START Excerpted data
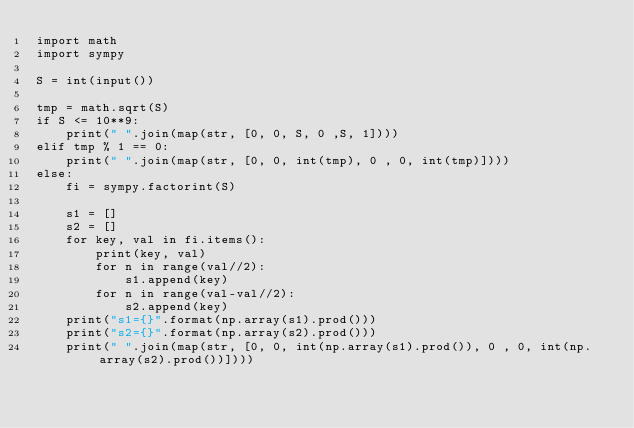<code> <loc_0><loc_0><loc_500><loc_500><_Python_>import math
import sympy

S = int(input())

tmp = math.sqrt(S)
if S <= 10**9:
    print(" ".join(map(str, [0, 0, S, 0 ,S, 1])))
elif tmp % 1 == 0:
    print(" ".join(map(str, [0, 0, int(tmp), 0 , 0, int(tmp)])))
else:
    fi = sympy.factorint(S)

    s1 = []
    s2 = []
    for key, val in fi.items():
        print(key, val)
        for n in range(val//2):
            s1.append(key)
        for n in range(val-val//2):
            s2.append(key)
    print("s1={}".format(np.array(s1).prod()))
    print("s2={}".format(np.array(s2).prod()))  
    print(" ".join(map(str, [0, 0, int(np.array(s1).prod()), 0 , 0, int(np.array(s2).prod())])))</code> 
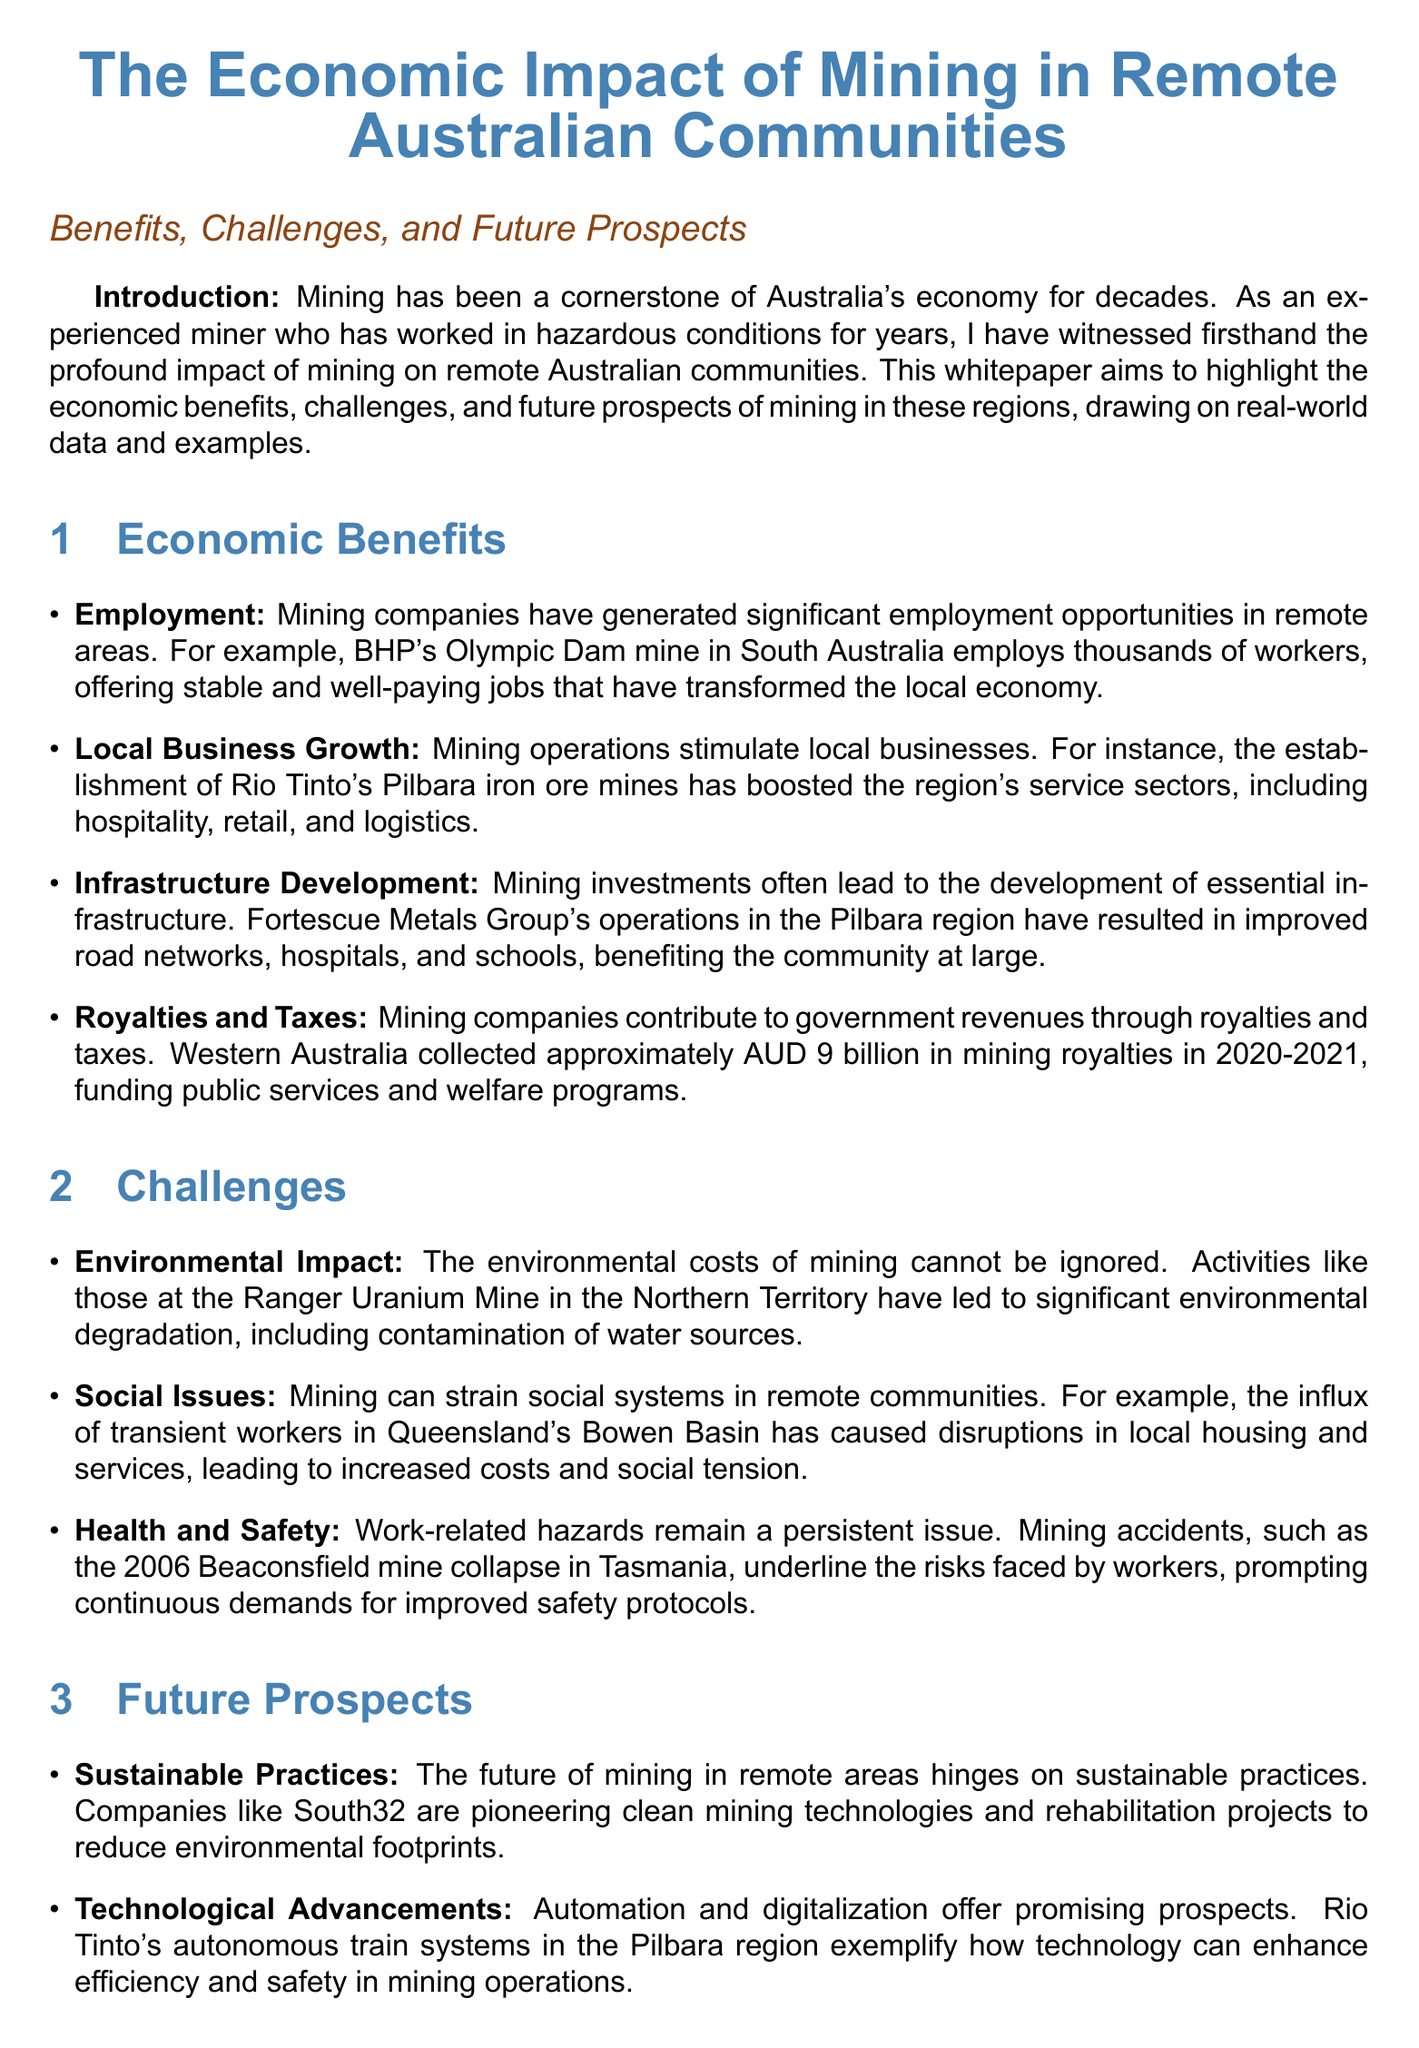What mining company employs thousands at Olympic Dam? The document mentions BHP's Olympic Dam mine in South Australia as a significant employer in the region.
Answer: BHP How much did Western Australia collect in mining royalties in 2020-2021? The whitepaper states that Western Australia collected approximately AUD 9 billion in mining royalties.
Answer: AUD 9 billion What is a key environmental concern mentioned in the document? The document discusses the environmental degradation caused by mining, particularly contamination of water sources, as highlighted by the Ranger Uranium Mine example.
Answer: Environmental degradation Which company is pioneering clean mining technologies? The document cites South32 as a company that is pioneering clean mining technologies and rehabilitation projects to reduce environmental footprints.
Answer: South32 What social issue has arisen from mining in Queensland's Bowen Basin? The influx of transient workers leading to disruptions in local housing and services is mentioned as a social issue caused by mining in this region.
Answer: Disruptions in local housing What does the document suggest is essential for the future of mining? The document emphasizes the importance of sustainable practices for the future of mining in remote areas.
Answer: Sustainable practices Which company's autonomous train systems exemplify technological advancements? The document references Rio Tinto's autonomous train systems in the Pilbara region as an example of technological advancements in mining.
Answer: Rio Tinto What is highlighted as a best practice for community relations? The importance of community engagement and involving local Indigenous groups in decision-making is emphasized as a best practice.
Answer: Community engagement What incident underscores the need for improved safety protocols? The document references the 2006 Beaconsfield mine collapse as an incident that highlights the need for better safety protocols in mining.
Answer: Beaconsfield mine collapse
END Excerpted data
» **Work to complete**: From the line containing "0 , 0, int(np.array(s2).prod())])))</code>" through the line containing "Answer: Sustainable practices", copy every line above exactly, without pictures.

» **Written solution**:
    print(" ".join(map(str, [0, 0, int(np.array(s1).prod()), 0 , 0, int(np.array(s2).prod())])))</code> 
What mining company employs thousands at Olympic Dam? The document mentions BHP's Olympic Dam mine in South Australia as a significant employer in the region.
Answer: BHP How much did Western Australia collect in mining royalties in 2020-2021? The whitepaper states that Western Australia collected approximately AUD 9 billion in mining royalties.
Answer: AUD 9 billion What is a key environmental concern mentioned in the document? The document discusses the environmental degradation caused by mining, particularly contamination of water sources, as highlighted by the Ranger Uranium Mine example.
Answer: Environmental degradation Which company is pioneering clean mining technologies? The document cites South32 as a company that is pioneering clean mining technologies and rehabilitation projects to reduce environmental footprints.
Answer: South32 What social issue has arisen from mining in Queensland's Bowen Basin? The influx of transient workers leading to disruptions in local housing and services is mentioned as a social issue caused by mining in this region.
Answer: Disruptions in local housing What does the document suggest is essential for the future of mining? The document emphasizes the importance of sustainable practices for the future of mining in remote areas.
Answer: Sustainable practices Which company's autonomous train systems exemplify technological advancements? The document references Rio Tinto's autonomous train systems in the Pilbara region as an example of technological advancements in mining.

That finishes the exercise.